- Date posted
- 3y
Age obsession
So, I don't know if anyone has issues with this or not or if it is OCD, but I had a huge fight with my dad about this last night. So, I am 29 years old and ever since I graduated high school, I have been obsessed over how young or old I look. People have told me this past year different ages and mostly I want them to tell me I look like a kid. I was told last year by a couple people that I look 19 and two other people said I looked 14 or 15 and so over the years people have told me how look really young for my age and I decided why not pretend I am that age. Why not embrace?

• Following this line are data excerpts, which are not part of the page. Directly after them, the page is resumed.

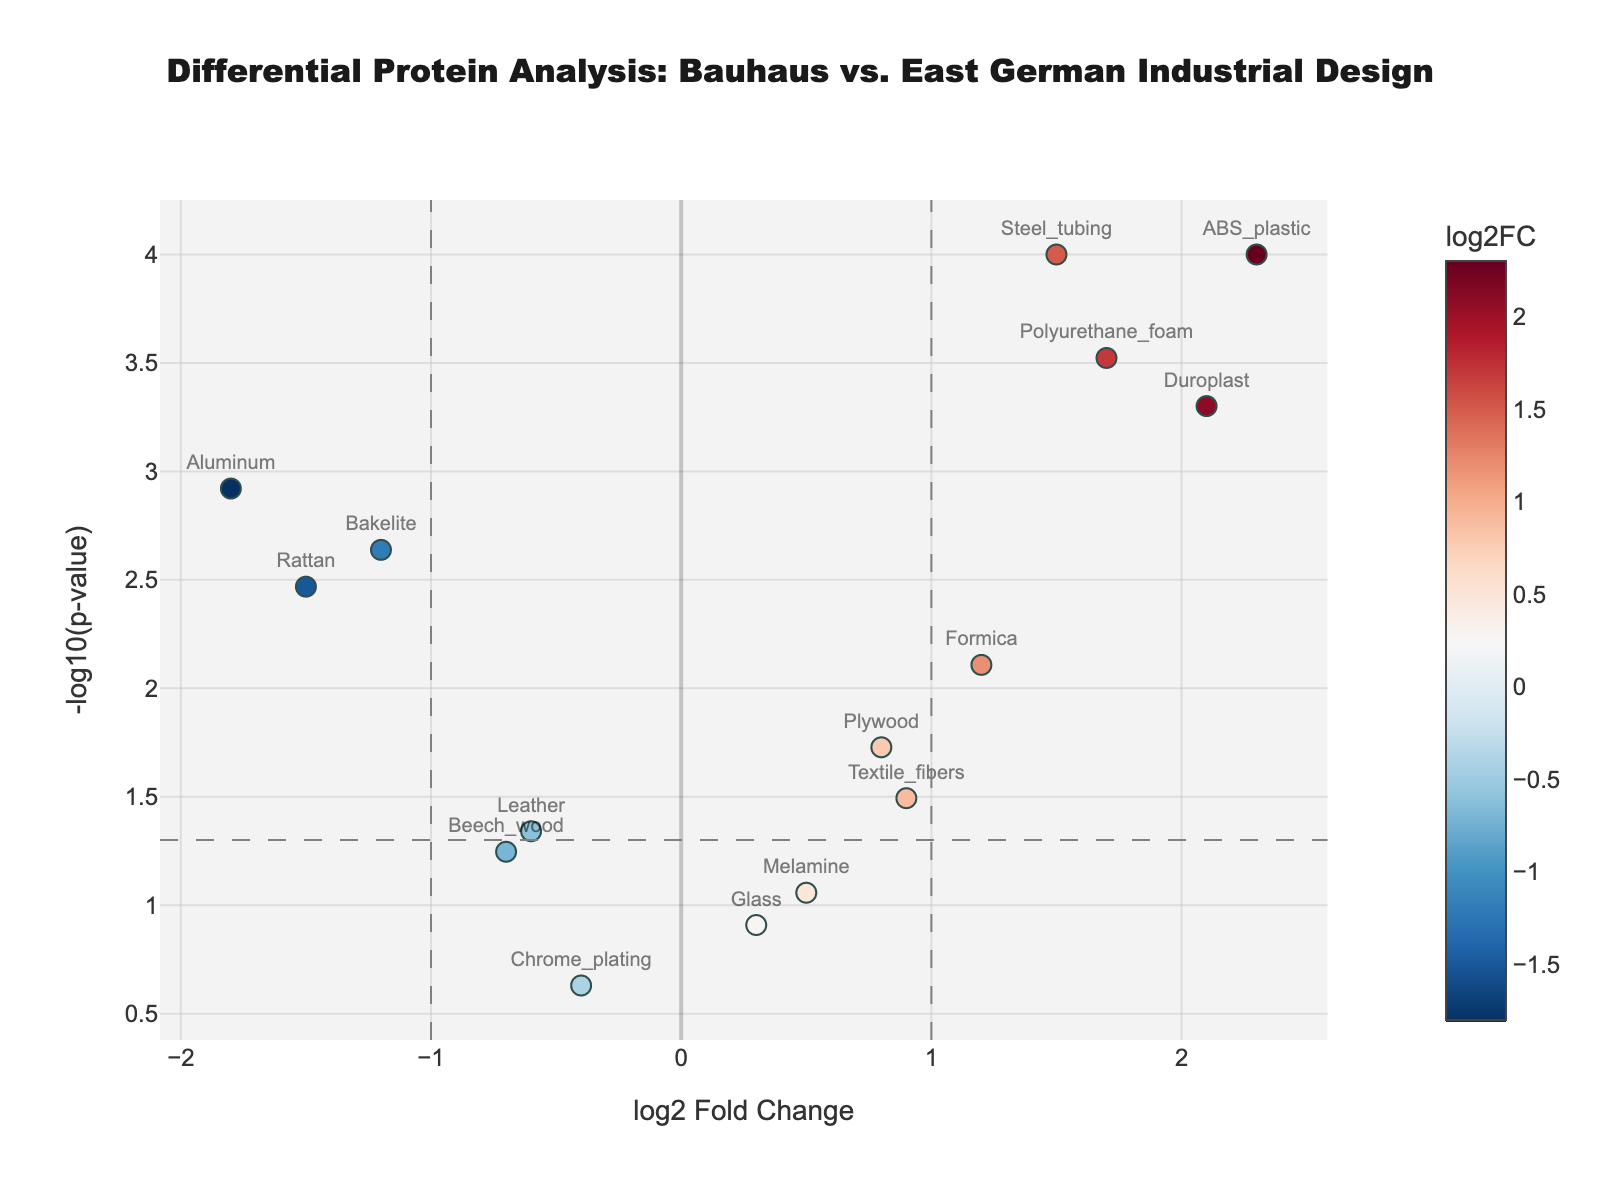What is the title of the figure? The title of the figure is usually located at the top and clearly states the context of the data visualization. In this case, it says "Differential Protein Analysis: Bauhaus vs. East German Industrial Design."
Answer: Differential Protein Analysis: Bauhaus vs. East German Industrial Design How many meaningful data points have p-values below 0.05? To determine this, we look for points above the horizontal dashed line (representing -log10(0.05)), which signifies significant p-values. Counting these points, we find there are 11 significant data points.
Answer: 11 Which material has the highest log2 Fold Change (log2FC) value? To find this, we identify the highest point on the x-axis. The materials are labeled, and ABS_plastic corresponds to the highest log2FC at 2.3.
Answer: ABS_plastic What is the color scheme used to indicate log2FC values? The figure uses a color gradient to represent log2FC values. The color bar next to the plot indicates the scale, which ranges through shades of red and blue. Red corresponds to negative log2FC and blue to positive log2FC.
Answer: Red to blue gradient Which material is the most statistically significant, and how do you determine this? To identify the most statistically significant material, we look for the highest point on the y-axis (-log10(p-value)). ABS_plastic is the highest with a p-value of 0.0001.
Answer: ABS_plastic Which two materials have log2FC values of approximately 1.5 and -1.5, and how do their p-values compare? The materials with log2FC values near 1.5 and -1.5 are Steel_tubing and Rattan. Steel_tubing has a lower p-value (higher -log10(p)) compared to Rattan, making it more statistically significant.
Answer: Steel_tubing and Rattan; Steel_tubing has a lower p-value How does the significance of Polyurethane_foam compare to that of Bakelite? Look at the -log10(p-value) for both materials. Polyurethane_foam has a higher -log10(p) than Bakelite, indicating a more significant p-value.
Answer: Polyurethane_foam is more significant Which material has the smallest absolute log2FC value, and is it statistically significant? The smallest absolute log2FC is for Glass (log2FC=0.3). Its p-value is above 0.05, meaning it is not statistically significant.
Answer: Glass; No List all materials with a statistically significant negative log2FC. For statistically significant negative log2FC, locate points left of the vertical dashed line -1 with p-values below 0.05. Materials are Bakelite, Aluminum, and Rattan.
Answer: Bakelite, Aluminum, and Rattan

Me and my dad have gotten in many fights about this, and he tells me that it is delusional, but I don't think so. Tonight, I was arguing with him to please call me a girl and he would not do it and it drives me insane that I wanted to kill myself over this. I feel like I deserve to relive my childhood since I have been going through this OCD thing for 13 years. I live at home with my parents because of the debilitating nature of my OCD and I want to do things like a job and make some friends, but I feel like I am nowhere near moving out. This thing about the age thing is something that drives me crazy whenever I tell my parents I am a teenager, or I am not at the maturity level of a 29-year-old. I know this all sounds crazy, but it is just how I feel. I would rather look fourteen any day than my age. Also, if I dated someone, I would like them to be in their early 20s because that is what I prefer. Please don't tell me to grow up or anything because that never helps me. Please kind comments. Thanks.